Using two-by-fours with the 4 inch side facing up works well for roosting bars.

You can even round the top edges a bit if you want.

The flat side helps keep the chickens' feet hidden under their bodies and protected from frostbite in the winter.



NESTING BOXES

Rule of thumb on nesting boxes is one box for every three to four hens.

 My plans called for three boxes.

Nesting boxes should be 12 to 14 inches square and be positioned lower than your roosts so the chickens won't perch on them.

As long as your nesting boxes are positioned lower than at least your highest roosts, the chickens shouldn't be tempted to sleep in the nesting boxes (and poop!) which leads to dirty eggs.

Reality is, no matter how many you have, all your chickens will want to lay in the same one...at the same time.

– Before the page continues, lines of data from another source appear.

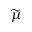Convert formula to latex. <formula><loc_0><loc_0><loc_500><loc_500>\widetilde { \mu }</formula> 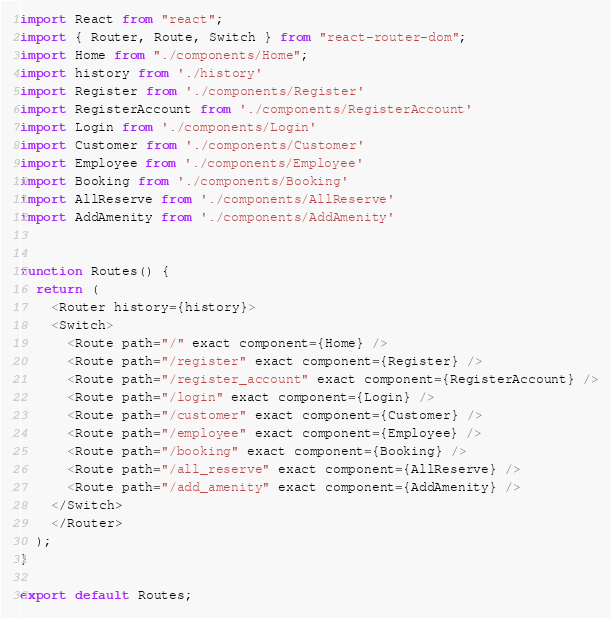Convert code to text. <code><loc_0><loc_0><loc_500><loc_500><_JavaScript_>import React from "react";
import { Router, Route, Switch } from "react-router-dom";
import Home from "./components/Home";
import history from './history'
import Register from './components/Register'
import RegisterAccount from './components/RegisterAccount'
import Login from './components/Login'
import Customer from './components/Customer'
import Employee from './components/Employee'
import Booking from './components/Booking'
import AllReserve from './components/AllReserve'
import AddAmenity from './components/AddAmenity'


function Routes() {
  return (
    <Router history={history}>
    <Switch>
      <Route path="/" exact component={Home} />
      <Route path="/register" exact component={Register} />
      <Route path="/register_account" exact component={RegisterAccount} />
      <Route path="/login" exact component={Login} />
      <Route path="/customer" exact component={Customer} />
      <Route path="/employee" exact component={Employee} />
      <Route path="/booking" exact component={Booking} />
      <Route path="/all_reserve" exact component={AllReserve} />
      <Route path="/add_amenity" exact component={AddAmenity} />
    </Switch>
    </Router>
  );
}

export default Routes;</code>

So don't stress over the number of boxes in your coop.



VENTS

One-fifth of the total wall space of your coop should be vented.

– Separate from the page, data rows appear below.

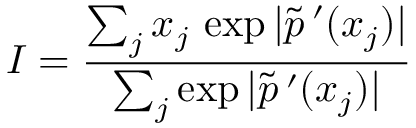Convert formula to latex. <formula><loc_0><loc_0><loc_500><loc_500>I = \frac { \sum _ { j } x _ { j } \, \exp | \tilde { p } \, ^ { \prime } ( x _ { j } ) | } { \sum _ { j } \exp | \tilde { p } \, ^ { \prime } ( x _ { j } ) | }</formula> 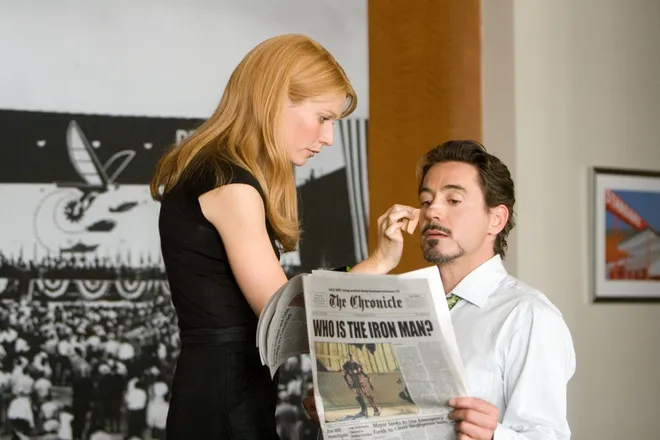What might be the significance of the newspaper headline in the context of the movie? The newspaper headline 'Who is the Iron Man?' plays a critical role in the plot of 'Iron Man'. It symbolizes the public's curiosity and the media's pursuit of the true identity behind the Iron Man suit. For Tony Stark, it represents a challenge to his decision about whether to reveal his identity or keep it hidden, impacting his personal and public life significantly. 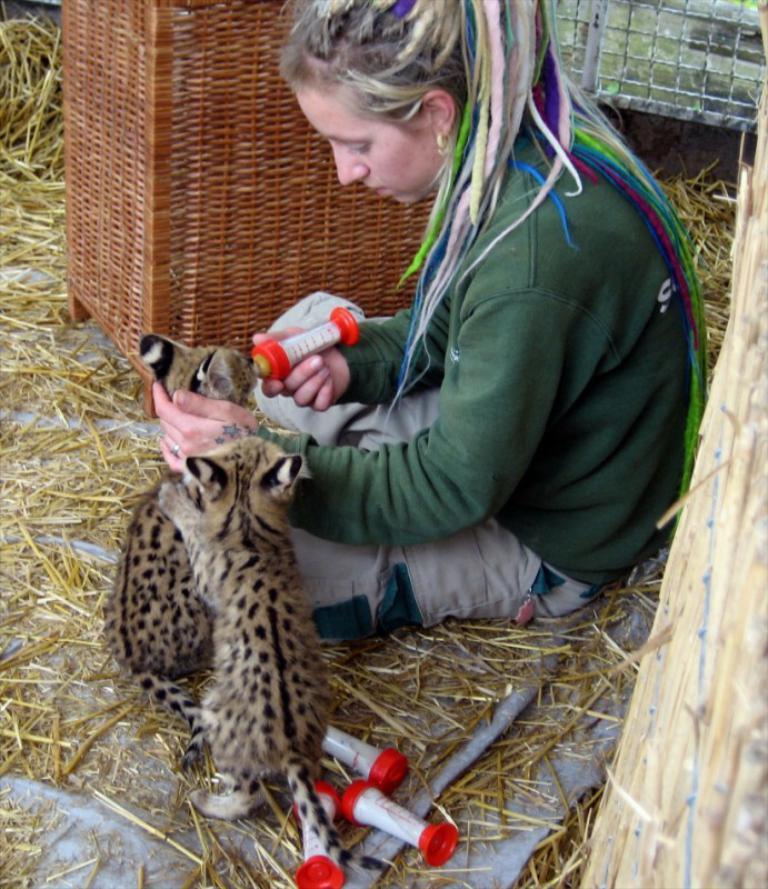Could you give a brief overview of what you see in this image? In the foreground, I can see two animals and a person is holding an object in hand is sitting on grass. In the background, I can see a wooden box, fence and plants. This image taken, maybe during a day.

Good ventilation and air flow is very important, winter and summer, in a coop.

So go ahead and cut some vents in your coop walls.

 I stapled 1/2" hardware cloth over the double door vent, braced on the inside with furring strips to secure it, and put hinges and predator-proof eye hooks on the doors.

Cover all the openings with 1/2" hardware cloth stapled in place and then secured from the inside by screwing furring strips along the edges.

Then by all means, go ahead and cut some more.

I hang onto the pieces of wood I cut out and then reattach them with hinges so I can open and close the vents as needed.

The coop has lots and lots of vents I can open and close as needed.

The best ventilation is higher than the level of the roosts.


LATCHES

Coop doors and nesting box covers need to be fitted with secure latches.

Raccoons can turn knobs, untie knots, undo bungee cords, lift latches and slide deadbolts.

These predator-proof eyehooks work nicely on our nesting box lids and coop doors.

They come in various sizes and will keep predators out.

We haven't yet met the raccoon who can figure out how to work these.




By taking these factors into consideration when choosing a coop, whether you buy one or build one yourself, I think you will find yourself with a very functional coop that you are pleased with for years to come.

This coop served us well for a couple of years, and is now the home to a new small flock of chickens! I wouldn't change a thing about this coop.

 It was just perfect.

If you are interested in building my coop yourself, the PDF plans are available on etsy HERE.

I don't know how it is in your household, but in ours, I'm the one who builds stuff - most likely because I'm too impatient to wait for my husband to get home from work and explain or draw out what I want built (but that's a whole 'nother story).

I have my own set of tools even. You don't need many, in fact I have built two chicken coops and a duck house using only a cordless drill, hammer, staple gun, jigsaw and circular saw.